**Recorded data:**
- Opening Delimiter -

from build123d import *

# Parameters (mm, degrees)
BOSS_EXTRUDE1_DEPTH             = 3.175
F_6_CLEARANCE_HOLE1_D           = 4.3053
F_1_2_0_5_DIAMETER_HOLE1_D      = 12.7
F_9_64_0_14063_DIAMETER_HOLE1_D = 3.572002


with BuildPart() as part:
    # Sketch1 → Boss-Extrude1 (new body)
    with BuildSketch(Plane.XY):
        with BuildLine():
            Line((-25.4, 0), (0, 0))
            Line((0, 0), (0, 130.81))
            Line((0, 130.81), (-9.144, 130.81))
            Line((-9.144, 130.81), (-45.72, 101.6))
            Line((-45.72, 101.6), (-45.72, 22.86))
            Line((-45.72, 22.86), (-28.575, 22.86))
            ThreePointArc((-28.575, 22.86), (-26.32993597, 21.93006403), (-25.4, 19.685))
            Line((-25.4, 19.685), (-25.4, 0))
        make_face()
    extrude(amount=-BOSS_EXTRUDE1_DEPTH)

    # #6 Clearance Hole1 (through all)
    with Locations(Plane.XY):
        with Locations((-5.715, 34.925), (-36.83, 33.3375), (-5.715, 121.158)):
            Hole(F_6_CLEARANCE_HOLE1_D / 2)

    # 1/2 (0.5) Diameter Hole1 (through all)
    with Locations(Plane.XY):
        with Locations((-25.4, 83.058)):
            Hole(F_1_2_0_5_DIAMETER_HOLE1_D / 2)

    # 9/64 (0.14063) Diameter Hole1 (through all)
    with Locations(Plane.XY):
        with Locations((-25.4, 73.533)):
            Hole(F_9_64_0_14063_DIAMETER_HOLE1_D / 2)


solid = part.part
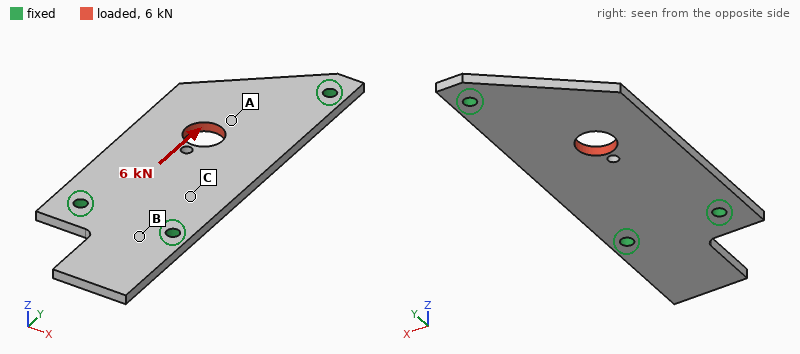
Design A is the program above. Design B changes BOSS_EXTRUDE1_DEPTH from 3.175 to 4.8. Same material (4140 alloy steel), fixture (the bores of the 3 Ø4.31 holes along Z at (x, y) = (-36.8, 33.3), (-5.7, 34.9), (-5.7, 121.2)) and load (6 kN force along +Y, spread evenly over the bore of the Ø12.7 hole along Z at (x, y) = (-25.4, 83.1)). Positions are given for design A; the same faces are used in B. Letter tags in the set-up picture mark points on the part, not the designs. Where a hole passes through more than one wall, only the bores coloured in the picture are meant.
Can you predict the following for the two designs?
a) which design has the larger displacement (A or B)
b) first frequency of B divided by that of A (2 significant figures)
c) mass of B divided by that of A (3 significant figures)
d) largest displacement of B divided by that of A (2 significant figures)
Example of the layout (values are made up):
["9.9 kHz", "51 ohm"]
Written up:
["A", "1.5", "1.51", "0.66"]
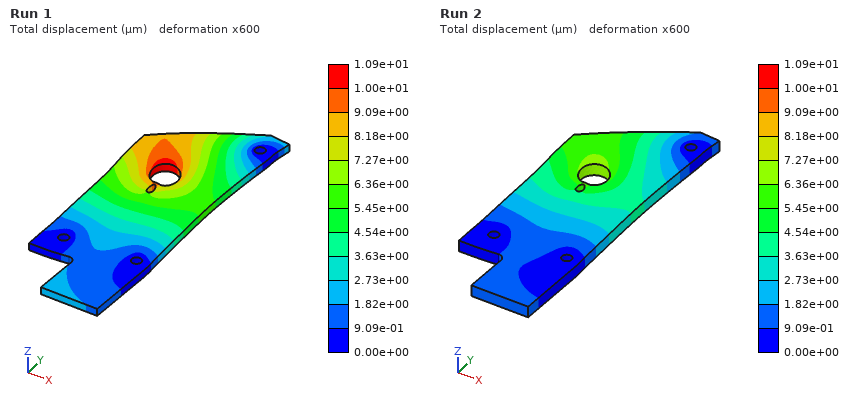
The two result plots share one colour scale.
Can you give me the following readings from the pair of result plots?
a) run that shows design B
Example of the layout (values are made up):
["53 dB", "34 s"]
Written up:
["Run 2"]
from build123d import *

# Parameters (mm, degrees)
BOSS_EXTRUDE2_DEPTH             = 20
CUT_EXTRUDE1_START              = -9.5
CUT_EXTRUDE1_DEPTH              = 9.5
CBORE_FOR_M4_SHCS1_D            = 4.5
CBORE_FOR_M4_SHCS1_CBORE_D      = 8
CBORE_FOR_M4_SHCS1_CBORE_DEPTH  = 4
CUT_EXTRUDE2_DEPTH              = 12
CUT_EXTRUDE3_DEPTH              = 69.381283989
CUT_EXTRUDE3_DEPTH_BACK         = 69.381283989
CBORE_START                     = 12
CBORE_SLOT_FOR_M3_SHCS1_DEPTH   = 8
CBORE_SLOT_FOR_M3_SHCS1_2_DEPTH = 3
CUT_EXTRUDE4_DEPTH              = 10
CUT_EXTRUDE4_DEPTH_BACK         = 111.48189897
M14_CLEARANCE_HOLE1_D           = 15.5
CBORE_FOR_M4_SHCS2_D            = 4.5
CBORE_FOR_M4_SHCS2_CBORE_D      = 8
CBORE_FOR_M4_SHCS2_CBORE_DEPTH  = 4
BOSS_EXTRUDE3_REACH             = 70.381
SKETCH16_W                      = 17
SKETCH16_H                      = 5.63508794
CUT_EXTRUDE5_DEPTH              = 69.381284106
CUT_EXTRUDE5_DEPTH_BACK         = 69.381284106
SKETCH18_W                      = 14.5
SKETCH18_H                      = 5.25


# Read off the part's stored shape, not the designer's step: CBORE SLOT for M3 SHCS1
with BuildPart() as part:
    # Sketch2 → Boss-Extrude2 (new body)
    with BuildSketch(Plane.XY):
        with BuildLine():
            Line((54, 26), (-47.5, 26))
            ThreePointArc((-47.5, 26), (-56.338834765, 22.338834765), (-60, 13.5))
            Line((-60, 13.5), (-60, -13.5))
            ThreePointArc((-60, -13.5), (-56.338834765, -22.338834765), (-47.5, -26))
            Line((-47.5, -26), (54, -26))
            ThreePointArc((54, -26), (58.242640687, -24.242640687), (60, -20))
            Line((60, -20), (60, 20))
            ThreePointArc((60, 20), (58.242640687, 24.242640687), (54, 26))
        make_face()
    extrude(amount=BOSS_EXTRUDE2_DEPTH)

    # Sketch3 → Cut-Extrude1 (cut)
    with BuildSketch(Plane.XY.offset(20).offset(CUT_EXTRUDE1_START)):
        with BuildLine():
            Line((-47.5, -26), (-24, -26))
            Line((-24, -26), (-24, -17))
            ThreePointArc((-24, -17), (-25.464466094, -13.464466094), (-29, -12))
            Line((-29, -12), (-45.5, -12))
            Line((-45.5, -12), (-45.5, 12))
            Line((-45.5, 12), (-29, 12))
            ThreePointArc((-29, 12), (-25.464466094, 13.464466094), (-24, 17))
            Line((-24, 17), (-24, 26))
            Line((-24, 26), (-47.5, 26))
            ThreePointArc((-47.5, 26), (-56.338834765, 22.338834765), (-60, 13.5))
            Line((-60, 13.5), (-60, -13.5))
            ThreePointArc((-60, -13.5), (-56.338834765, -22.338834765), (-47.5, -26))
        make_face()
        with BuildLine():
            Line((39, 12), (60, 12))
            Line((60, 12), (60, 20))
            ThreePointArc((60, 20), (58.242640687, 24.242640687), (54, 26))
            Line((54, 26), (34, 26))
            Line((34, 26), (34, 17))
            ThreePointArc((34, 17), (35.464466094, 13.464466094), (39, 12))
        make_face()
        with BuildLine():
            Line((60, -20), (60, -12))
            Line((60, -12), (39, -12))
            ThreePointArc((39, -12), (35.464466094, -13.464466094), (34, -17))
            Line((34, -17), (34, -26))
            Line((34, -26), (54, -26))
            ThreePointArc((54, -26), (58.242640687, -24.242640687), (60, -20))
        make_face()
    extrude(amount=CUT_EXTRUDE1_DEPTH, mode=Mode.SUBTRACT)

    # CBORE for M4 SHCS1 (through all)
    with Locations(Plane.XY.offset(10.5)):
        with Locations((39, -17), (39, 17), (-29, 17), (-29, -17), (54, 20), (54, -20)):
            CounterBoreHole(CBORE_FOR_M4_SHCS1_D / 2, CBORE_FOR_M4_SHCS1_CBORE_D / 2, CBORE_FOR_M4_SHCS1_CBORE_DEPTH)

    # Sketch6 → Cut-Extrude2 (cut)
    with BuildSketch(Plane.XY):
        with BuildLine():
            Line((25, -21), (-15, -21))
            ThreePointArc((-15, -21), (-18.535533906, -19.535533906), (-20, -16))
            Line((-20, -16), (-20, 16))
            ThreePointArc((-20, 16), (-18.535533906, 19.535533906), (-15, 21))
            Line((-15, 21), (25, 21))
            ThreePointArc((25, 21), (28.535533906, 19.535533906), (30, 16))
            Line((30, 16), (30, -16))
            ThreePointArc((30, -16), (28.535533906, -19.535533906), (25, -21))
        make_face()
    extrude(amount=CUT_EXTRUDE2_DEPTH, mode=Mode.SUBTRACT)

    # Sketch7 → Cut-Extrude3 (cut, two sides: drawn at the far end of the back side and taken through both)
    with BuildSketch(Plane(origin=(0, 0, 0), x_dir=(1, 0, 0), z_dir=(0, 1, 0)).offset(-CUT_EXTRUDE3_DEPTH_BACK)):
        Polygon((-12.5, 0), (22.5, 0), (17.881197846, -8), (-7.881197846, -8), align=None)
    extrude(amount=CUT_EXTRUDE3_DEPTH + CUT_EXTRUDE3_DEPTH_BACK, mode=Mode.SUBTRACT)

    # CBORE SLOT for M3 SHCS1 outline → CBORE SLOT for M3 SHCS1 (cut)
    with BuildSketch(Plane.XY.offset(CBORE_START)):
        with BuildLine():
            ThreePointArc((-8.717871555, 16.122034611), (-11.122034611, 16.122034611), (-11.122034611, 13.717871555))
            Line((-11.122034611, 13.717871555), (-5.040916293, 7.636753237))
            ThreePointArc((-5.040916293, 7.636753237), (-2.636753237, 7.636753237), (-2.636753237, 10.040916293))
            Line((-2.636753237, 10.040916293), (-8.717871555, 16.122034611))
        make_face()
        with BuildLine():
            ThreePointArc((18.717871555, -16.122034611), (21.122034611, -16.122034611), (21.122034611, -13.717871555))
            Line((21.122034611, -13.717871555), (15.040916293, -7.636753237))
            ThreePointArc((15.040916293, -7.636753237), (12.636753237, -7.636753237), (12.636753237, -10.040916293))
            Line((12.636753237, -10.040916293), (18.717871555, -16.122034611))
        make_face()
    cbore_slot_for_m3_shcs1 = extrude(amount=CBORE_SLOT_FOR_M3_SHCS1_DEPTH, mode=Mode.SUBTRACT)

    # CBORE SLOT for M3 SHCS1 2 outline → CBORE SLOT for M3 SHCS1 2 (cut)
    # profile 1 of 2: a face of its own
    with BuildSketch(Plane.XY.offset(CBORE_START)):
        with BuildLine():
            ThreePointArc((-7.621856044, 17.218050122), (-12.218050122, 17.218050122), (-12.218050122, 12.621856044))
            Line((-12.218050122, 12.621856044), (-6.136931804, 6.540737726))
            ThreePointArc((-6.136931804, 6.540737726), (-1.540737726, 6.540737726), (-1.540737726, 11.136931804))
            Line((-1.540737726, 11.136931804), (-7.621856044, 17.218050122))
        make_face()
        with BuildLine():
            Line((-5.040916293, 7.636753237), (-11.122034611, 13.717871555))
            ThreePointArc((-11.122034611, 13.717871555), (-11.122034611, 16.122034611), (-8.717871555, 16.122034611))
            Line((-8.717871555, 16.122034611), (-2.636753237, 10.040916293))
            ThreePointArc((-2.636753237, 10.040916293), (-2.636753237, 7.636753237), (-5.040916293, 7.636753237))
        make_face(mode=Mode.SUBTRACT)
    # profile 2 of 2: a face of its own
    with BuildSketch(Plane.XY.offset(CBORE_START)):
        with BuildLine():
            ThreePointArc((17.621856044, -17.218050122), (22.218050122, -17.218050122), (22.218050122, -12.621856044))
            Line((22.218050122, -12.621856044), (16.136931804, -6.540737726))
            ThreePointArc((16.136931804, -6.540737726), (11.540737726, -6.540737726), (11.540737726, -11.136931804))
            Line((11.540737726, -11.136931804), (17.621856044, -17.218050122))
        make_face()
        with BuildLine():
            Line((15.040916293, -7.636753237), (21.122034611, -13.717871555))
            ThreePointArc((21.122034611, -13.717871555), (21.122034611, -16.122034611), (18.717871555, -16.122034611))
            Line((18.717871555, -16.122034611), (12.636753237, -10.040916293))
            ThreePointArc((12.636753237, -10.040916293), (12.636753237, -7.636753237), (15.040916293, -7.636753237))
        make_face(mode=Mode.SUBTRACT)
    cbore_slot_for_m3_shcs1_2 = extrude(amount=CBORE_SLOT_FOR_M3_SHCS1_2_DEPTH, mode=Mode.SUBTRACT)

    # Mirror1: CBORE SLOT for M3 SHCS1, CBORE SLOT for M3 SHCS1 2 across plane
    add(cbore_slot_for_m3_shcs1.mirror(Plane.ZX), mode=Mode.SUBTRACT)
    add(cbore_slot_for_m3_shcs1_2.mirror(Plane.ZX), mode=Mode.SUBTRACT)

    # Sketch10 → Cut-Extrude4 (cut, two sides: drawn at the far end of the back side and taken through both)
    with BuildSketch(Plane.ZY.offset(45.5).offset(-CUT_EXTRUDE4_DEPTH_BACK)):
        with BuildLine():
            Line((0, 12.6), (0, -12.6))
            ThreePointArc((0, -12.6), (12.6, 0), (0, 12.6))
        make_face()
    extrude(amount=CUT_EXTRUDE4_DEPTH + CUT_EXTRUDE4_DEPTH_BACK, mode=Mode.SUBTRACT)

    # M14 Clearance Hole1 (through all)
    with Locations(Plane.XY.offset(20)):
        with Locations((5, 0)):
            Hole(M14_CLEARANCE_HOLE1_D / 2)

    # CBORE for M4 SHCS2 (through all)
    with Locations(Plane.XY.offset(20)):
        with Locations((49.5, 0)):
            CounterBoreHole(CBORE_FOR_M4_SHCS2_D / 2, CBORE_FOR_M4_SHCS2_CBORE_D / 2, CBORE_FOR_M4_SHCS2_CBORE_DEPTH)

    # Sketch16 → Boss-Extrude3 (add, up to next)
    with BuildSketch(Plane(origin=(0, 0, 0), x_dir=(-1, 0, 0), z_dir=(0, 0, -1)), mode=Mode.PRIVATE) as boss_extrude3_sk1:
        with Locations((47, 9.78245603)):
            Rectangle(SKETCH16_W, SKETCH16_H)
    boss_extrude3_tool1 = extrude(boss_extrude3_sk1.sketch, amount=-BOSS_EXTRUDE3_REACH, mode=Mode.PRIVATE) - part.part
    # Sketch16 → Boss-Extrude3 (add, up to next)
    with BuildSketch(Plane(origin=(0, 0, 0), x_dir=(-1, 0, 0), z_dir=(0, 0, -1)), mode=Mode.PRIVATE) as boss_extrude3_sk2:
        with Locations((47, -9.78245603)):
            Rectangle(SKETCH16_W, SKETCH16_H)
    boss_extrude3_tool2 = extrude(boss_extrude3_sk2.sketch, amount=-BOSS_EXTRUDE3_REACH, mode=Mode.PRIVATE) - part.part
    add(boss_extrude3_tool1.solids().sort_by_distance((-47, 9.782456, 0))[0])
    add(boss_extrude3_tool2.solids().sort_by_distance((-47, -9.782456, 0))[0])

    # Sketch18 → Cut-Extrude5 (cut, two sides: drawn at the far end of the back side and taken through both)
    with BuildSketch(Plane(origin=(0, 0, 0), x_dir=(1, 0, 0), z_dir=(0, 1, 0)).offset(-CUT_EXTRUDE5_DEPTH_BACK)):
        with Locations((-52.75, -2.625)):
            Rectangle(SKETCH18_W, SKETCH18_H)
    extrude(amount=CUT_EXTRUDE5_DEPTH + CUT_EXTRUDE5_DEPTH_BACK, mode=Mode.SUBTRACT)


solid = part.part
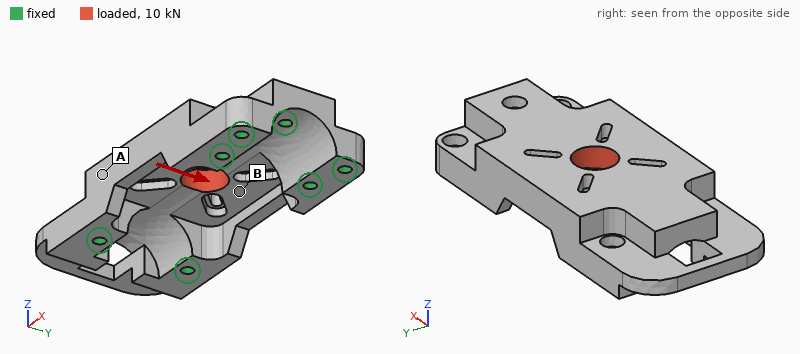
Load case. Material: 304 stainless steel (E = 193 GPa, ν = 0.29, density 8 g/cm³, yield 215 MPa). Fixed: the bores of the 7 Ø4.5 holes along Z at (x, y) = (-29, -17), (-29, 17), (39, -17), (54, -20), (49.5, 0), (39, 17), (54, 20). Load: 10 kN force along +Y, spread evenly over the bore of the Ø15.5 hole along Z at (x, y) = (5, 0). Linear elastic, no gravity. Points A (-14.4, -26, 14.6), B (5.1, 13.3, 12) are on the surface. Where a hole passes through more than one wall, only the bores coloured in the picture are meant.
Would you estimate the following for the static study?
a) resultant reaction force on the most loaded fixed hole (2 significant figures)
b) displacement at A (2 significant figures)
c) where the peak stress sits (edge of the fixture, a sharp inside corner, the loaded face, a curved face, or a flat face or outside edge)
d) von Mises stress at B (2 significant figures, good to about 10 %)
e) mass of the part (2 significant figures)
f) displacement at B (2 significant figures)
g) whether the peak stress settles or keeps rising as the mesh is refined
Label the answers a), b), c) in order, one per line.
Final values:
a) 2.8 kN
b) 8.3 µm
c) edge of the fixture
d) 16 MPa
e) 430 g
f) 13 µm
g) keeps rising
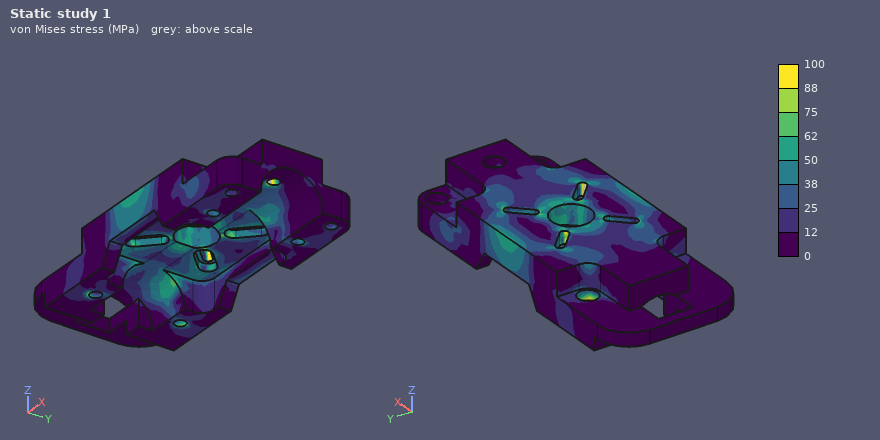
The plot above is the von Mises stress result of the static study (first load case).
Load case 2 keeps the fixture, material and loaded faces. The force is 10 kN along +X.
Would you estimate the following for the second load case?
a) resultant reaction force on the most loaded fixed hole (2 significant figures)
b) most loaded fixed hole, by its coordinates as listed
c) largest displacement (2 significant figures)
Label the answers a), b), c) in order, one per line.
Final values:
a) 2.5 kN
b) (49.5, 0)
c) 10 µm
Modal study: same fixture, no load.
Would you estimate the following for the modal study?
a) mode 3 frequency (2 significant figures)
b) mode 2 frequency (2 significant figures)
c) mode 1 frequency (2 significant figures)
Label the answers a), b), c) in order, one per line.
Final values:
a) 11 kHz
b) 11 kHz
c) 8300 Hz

- Closing Delimiter -

**Exercise directions:** Where the data above reaches the line holding "a) run that shows design B", begin printing, and stop after the line holding "# Read off the". Each line must be reproduced exactly, with nothing else added.

**Reply:**
a) run that shows design B
Example of the layout (values are made up):
["53 dB", "34 s"]
Written up:
["Run 2"]
from build123d import *

# Parameters (mm, degrees)
BOSS_EXTRUDE2_DEPTH             = 20
CUT_EXTRUDE1_START              = -9.5
CUT_EXTRUDE1_DEPTH              = 9.5
CBORE_FOR_M4_SHCS1_D            = 4.5
CBORE_FOR_M4_SHCS1_CBORE_D      = 8
CBORE_FOR_M4_SHCS1_CBORE_DEPTH  = 4
CUT_EXTRUDE2_DEPTH              = 12
CUT_EXTRUDE3_DEPTH              = 69.381283989
CUT_EXTRUDE3_DEPTH_BACK         = 69.381283989
CBORE_START                     = 12
CBORE_SLOT_FOR_M3_SHCS1_DEPTH   = 8
CBORE_SLOT_FOR_M3_SHCS1_2_DEPTH = 3
CUT_EXTRUDE4_DEPTH              = 10
CUT_EXTRUDE4_DEPTH_BACK         = 111.48189897
M14_CLEARANCE_HOLE1_D           = 15.5
CBORE_FOR_M4_SHCS2_D            = 4.5
CBORE_FOR_M4_SHCS2_CBORE_D      = 8
CBORE_FOR_M4_SHCS2_CBORE_DEPTH  = 4
BOSS_EXTRUDE3_REACH             = 70.381
SKETCH16_W                      = 17
SKETCH16_H                      = 5.63508794
CUT_EXTRUDE5_DEPTH              = 69.381284106
CUT_EXTRUDE5_DEPTH_BACK         = 69.381284106
SKETCH18_W                      = 14.5
SKETCH18_H                      = 5.25


# Read off the part's stored shape, not the designer's step: CBORE SLOT for M3 SHCS1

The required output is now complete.